What is expected
Return only the final portion of the entries: the line with "List each element's" and every line after it, each one exact.

(Records from a data collection)
--------

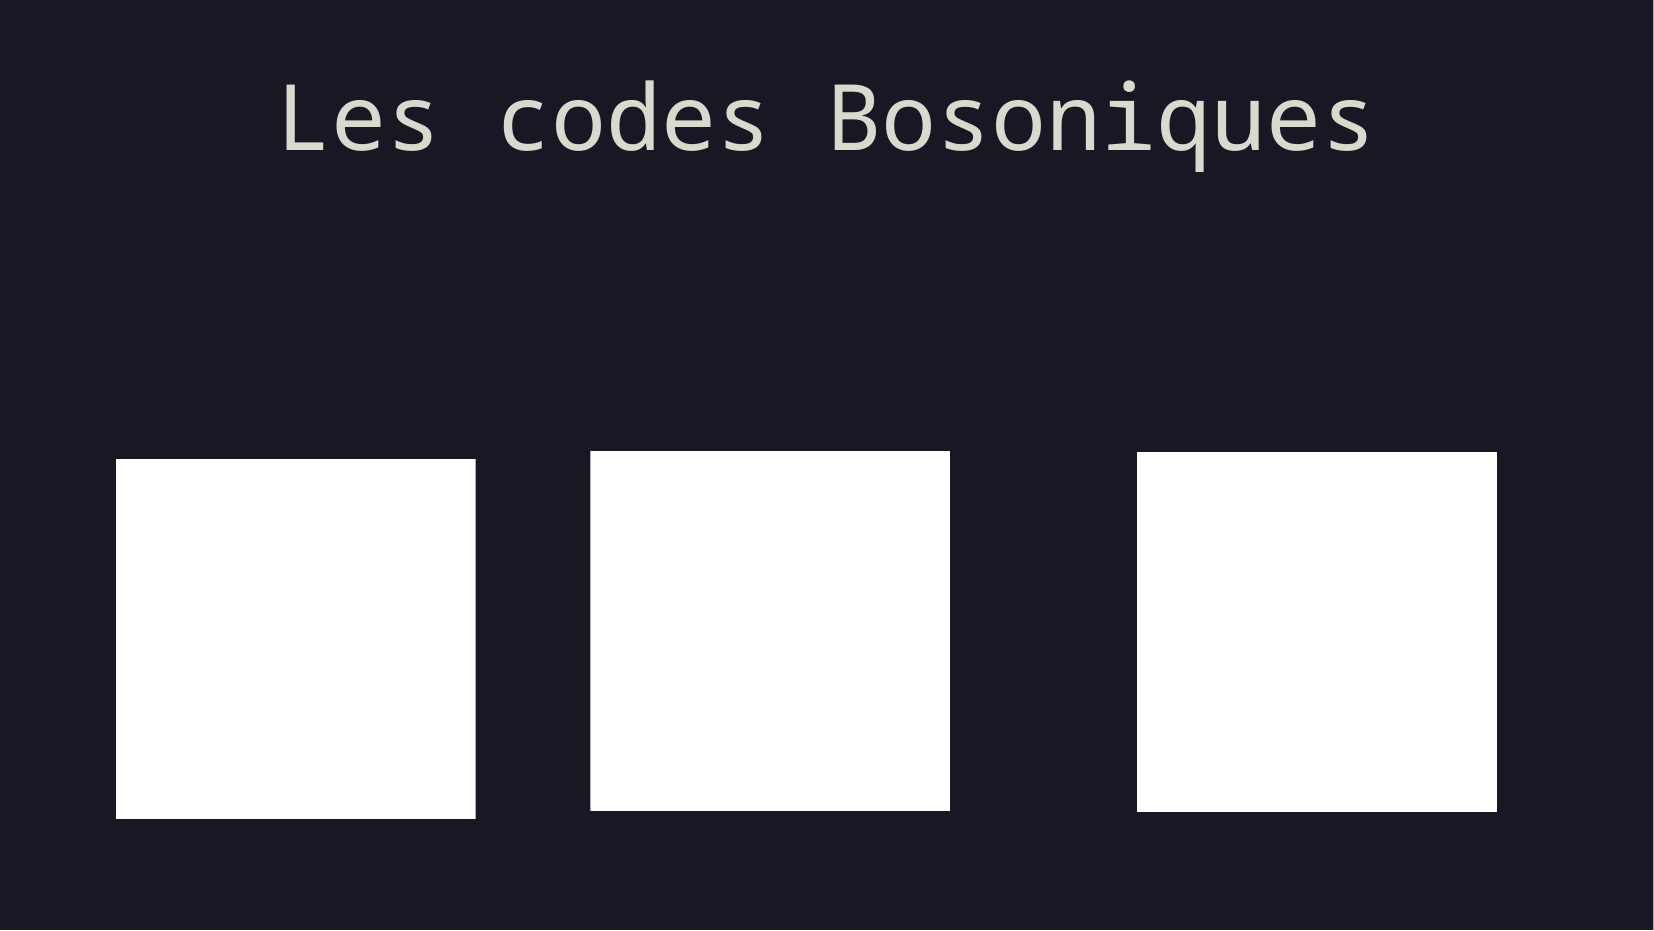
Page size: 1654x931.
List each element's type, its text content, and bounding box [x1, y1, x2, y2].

picture [1137, 452, 1498, 813]
picture [590, 451, 951, 812]
title Les codes Bosoniques [82, 37, 1571, 193]
picture [115, 458, 476, 819]

--------

Worked solution
List each element's type, its text content, and bounding box [x1, y1, x2, y2].

picture [1137, 452, 1498, 813]
picture [590, 451, 951, 812]
title Les codes Bosoniques [82, 37, 1571, 193]
picture [115, 458, 476, 819]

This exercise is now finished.